Notre Présidente, Monique Cerisier ben Guiga est allée à Athènes, le 4 mai 2011, pour assister aux obsèques de Paul Collaros.
Né en 1920 à Izmir, Paul Collaros naturalisé français en raison des services émérites qu’il a rendus à la France, a été un actif président de notre association à Athènes et délégué au CSFE (l’AFE aujourd’hui) de 1985 à 1992. Voici l’hommage qu’elle lui a rendu.
Paul, j’ai voulu participer à l’hommage que nous te rendons aujourd’hui, au nom de l’association Français du Monde ADFE dont tu as été un militant émérite, au nom de tes anciens collègues à l’Assemblée des Français de l’étranger et à titre personnel. Je souhaitais être auprès de ta famille et de tes amis.
Tu avais été, fort heureusement, honoré comme tu le méritais de ton vivant, et je garde un souvenir ému de ton élévation au grade d’officier de la Légion d’Honneur.
Mais au moment de la séparation finale, je tiens à exprimer, publiquement l’estime et l’amitié que nous avons eues pour toi.
Paul, brillant mathématicien et homme de culture, tu étais la modestie et la courtoisie incarnées.
Toujours gai et attentif à autrui, tu apportais ta sagesse au groupe des délégués à l’Assemblée des Français de l’étranger.

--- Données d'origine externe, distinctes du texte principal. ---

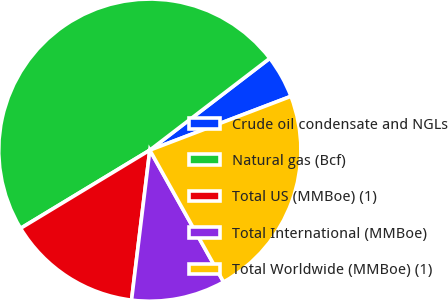Convert chart. <chart><loc_0><loc_0><loc_500><loc_500><pie_chart><fcel>Crude oil condensate and NGLs<fcel>Natural gas (Bcf)<fcel>Total US (MMBoe) (1)<fcel>Total International (MMBoe)<fcel>Total Worldwide (MMBoe) (1)<nl><fcel>4.6%<fcel>48.26%<fcel>14.41%<fcel>10.05%<fcel>22.68%<nl></chart> 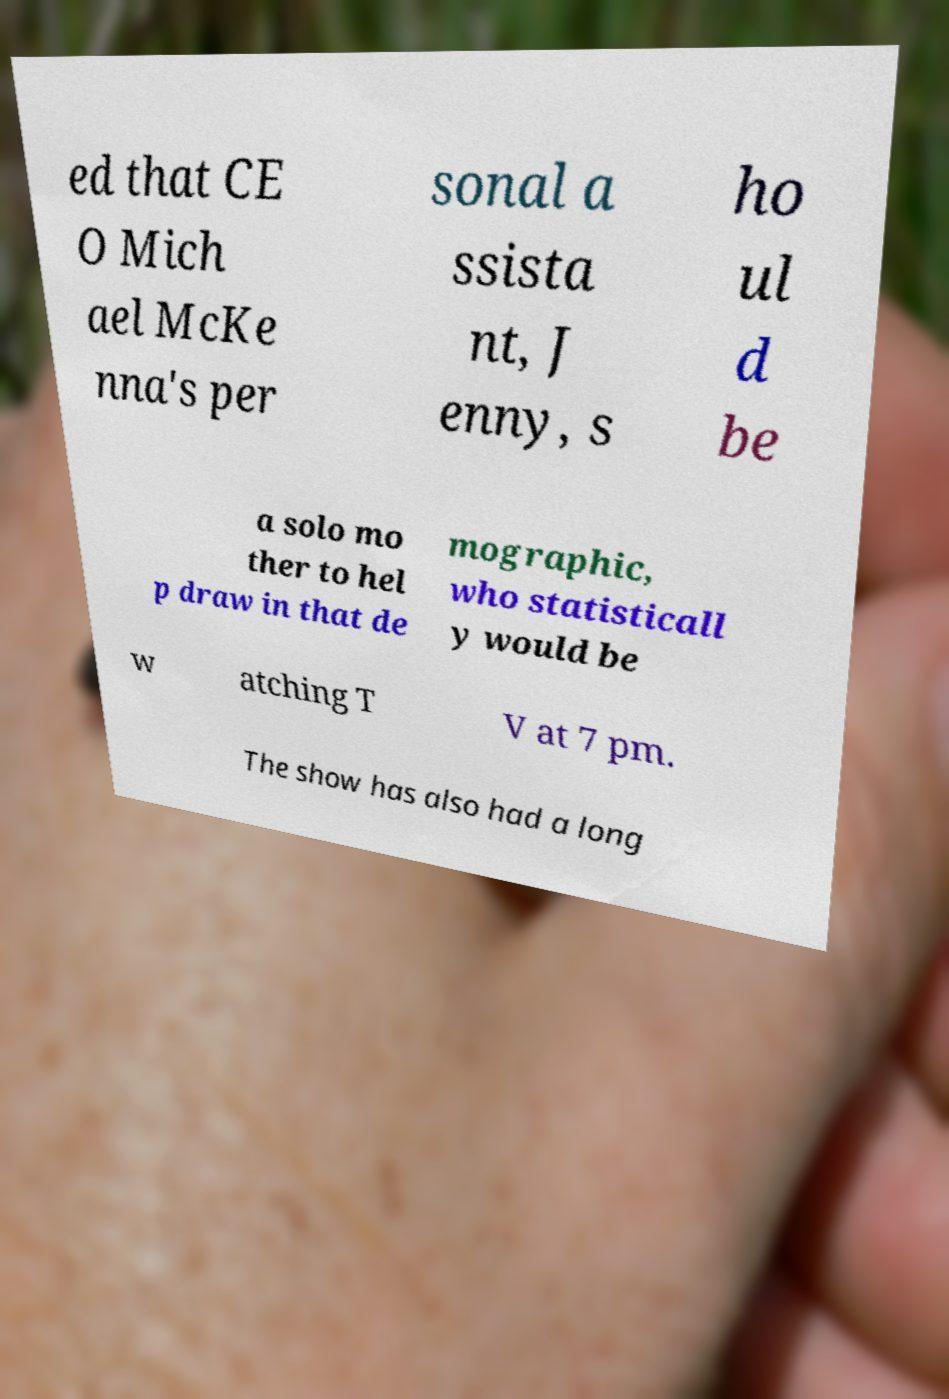Could you extract and type out the text from this image? ed that CE O Mich ael McKe nna's per sonal a ssista nt, J enny, s ho ul d be a solo mo ther to hel p draw in that de mographic, who statisticall y would be w atching T V at 7 pm. The show has also had a long

Sans faire d’éclat, avec habileté, tu défendais les intérêts de tes mandants.
Souriant et modeste, tu étais pourtant, à toi tout seul, le témoin vivant de l’histoire riche, mouvementée et souvent douloureuse des Chrétiens de l’Empire Ottoman au XXème siècle.

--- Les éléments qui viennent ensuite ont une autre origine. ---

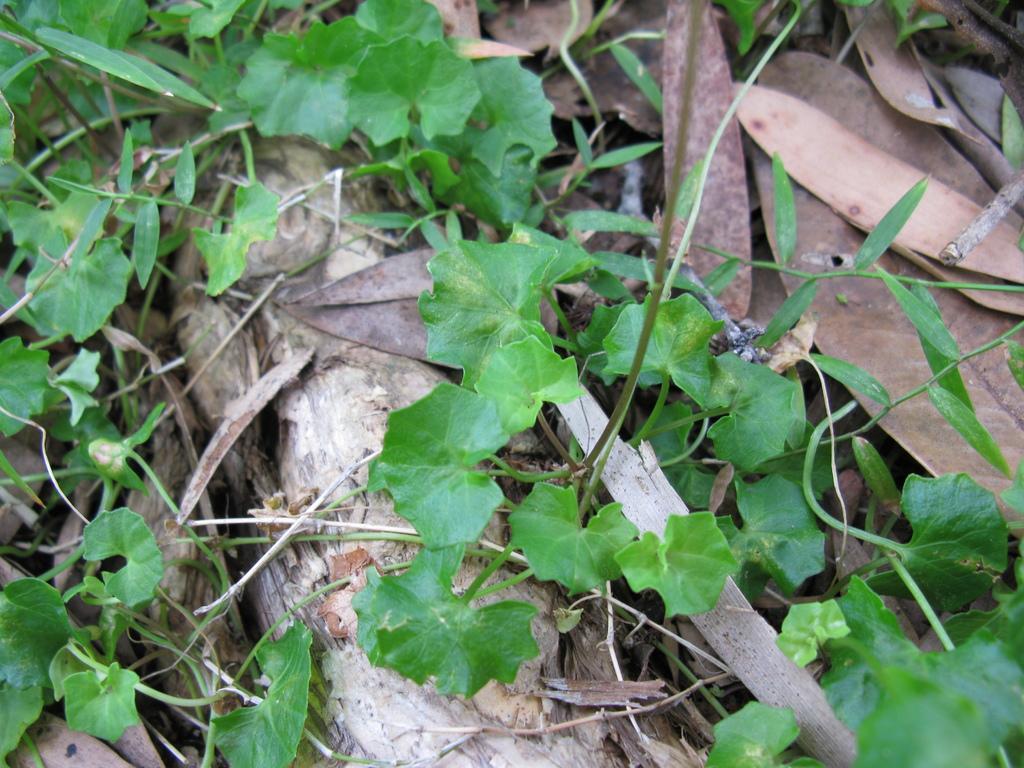Please provide a concise description of this image. In this image, we can see some plants and wood. We can see some dried leaves. 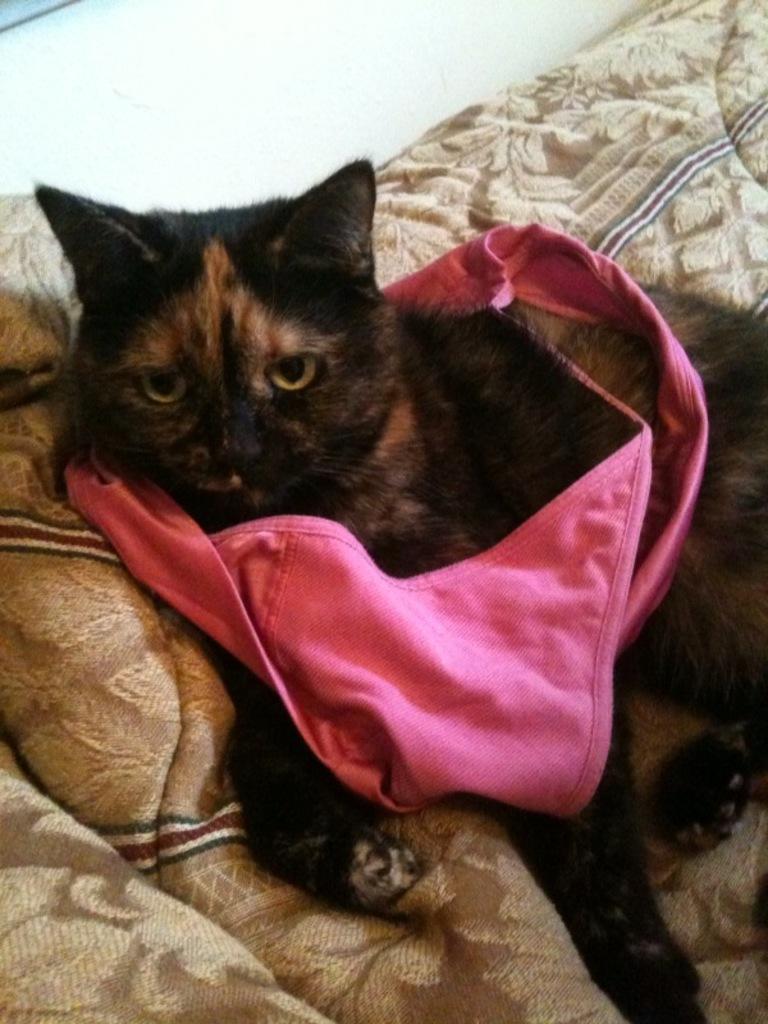Please provide a concise description of this image. In this image we can see a black color cat with a pink color cloth on it is lying on the couch. 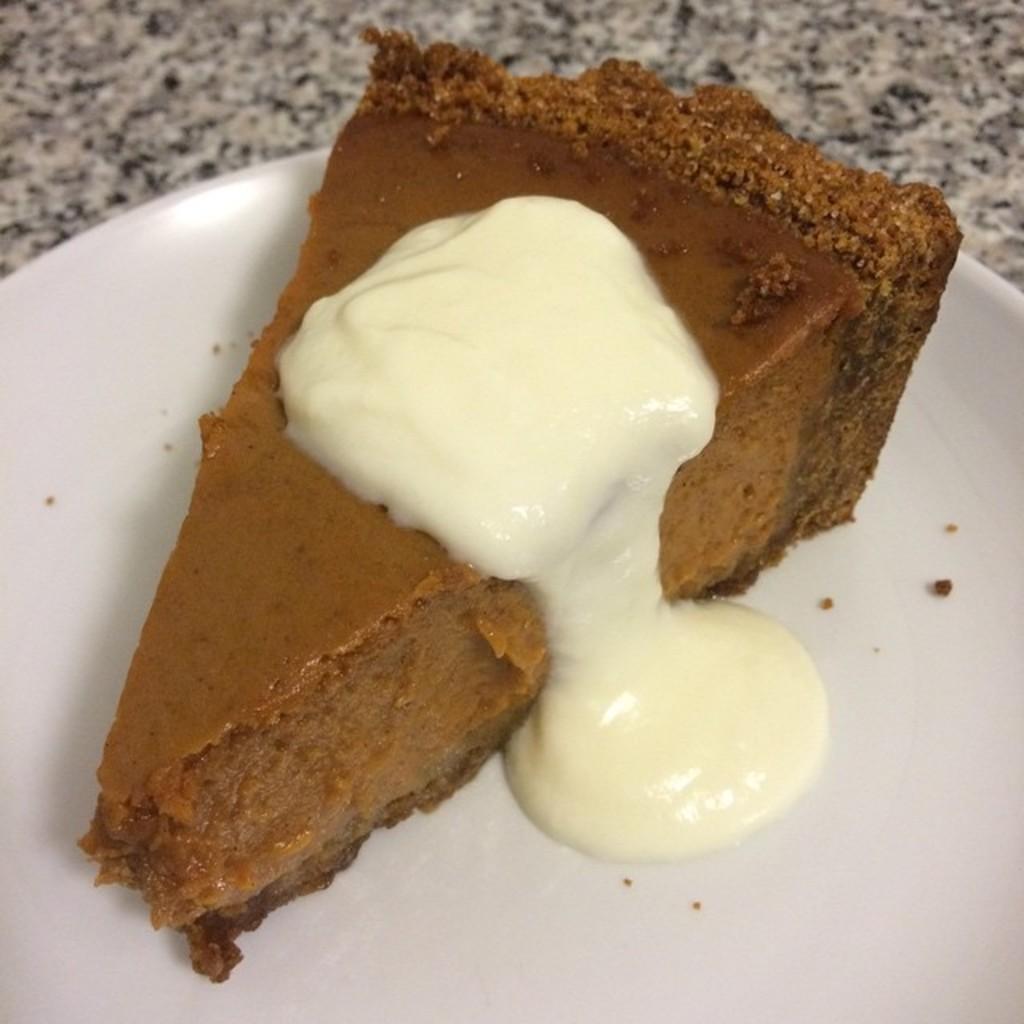Can you describe this image briefly? In this picture we can see a plate on the surface with cake in it.

Né d’un père turc et d’une mère serbe, catholiques romains, tu as eu une enfance à la fois turque et francophone. On parlait français en famille et tu as effectué toute ta scolarité dans notre langue. Oui, tu as été un Français de l’étranger bien avant ta naturalisation.

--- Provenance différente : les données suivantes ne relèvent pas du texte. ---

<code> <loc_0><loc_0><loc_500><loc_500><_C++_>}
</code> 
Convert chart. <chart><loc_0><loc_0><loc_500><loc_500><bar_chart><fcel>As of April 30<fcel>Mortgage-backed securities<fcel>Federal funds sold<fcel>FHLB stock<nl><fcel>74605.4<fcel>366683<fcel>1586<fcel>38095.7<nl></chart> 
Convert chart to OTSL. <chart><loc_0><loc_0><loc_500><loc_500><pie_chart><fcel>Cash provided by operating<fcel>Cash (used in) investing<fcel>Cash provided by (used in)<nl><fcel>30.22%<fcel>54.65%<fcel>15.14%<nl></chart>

Les aléas de la maladie, puis de la seconde guerre mondiale t’on empêché de poursuivre tes études supérieures en France. Tu es resté auprès de tes parents, venus prendre leur retraite en Grèce.
Autorisé exceptionnellement à passer les épreuves en Français tu es entré à l’école polytechnique d’Athènes. Tu aimais beaucoup raconter cet épisode de ta vie. J’ai souvent pensé, en t’écoutant, que les temps avaient bien changé et qu’aujourd’hui, partout en Europe, la xénophobie ambiante interdirait cette tolérance linguistique envers un candidat étranger. Et tu es devenu Grec.
Tu n’as jamais parlé des souffrances des guerres qui ont endeuillé la Grèce et ta jeunesse. Dans ton récit ne restait que la chance d’avoir trouvé un « petit boulot » des cours de mathématiques en Français à IFA.
C’est pourtant ce « petit boulot » de jeune ingénieur désargenté auquel la Grèce ruinée n’offrait pas de perspective professionnelle qui est à l’origine de ta grande œuvre : la création du lycée français, devenu, il y a 30 ans le lycée franco-hellénique.
Paul, par ton engagement au service de l’enseignement français, par ton engagement civique d’élu, toi qui n’es devenu français qu’à l’âge adulte tu es l’exemple de ce qu’est un citoyen de la République, quelqu’un qui, selon les mots de Renan participe à ce « referendum de tous les jours » qu’est l’appartenance à la Nation française.
Nous n’oublierons pas ton exemple et nous te remercions de nous l’avoir donné.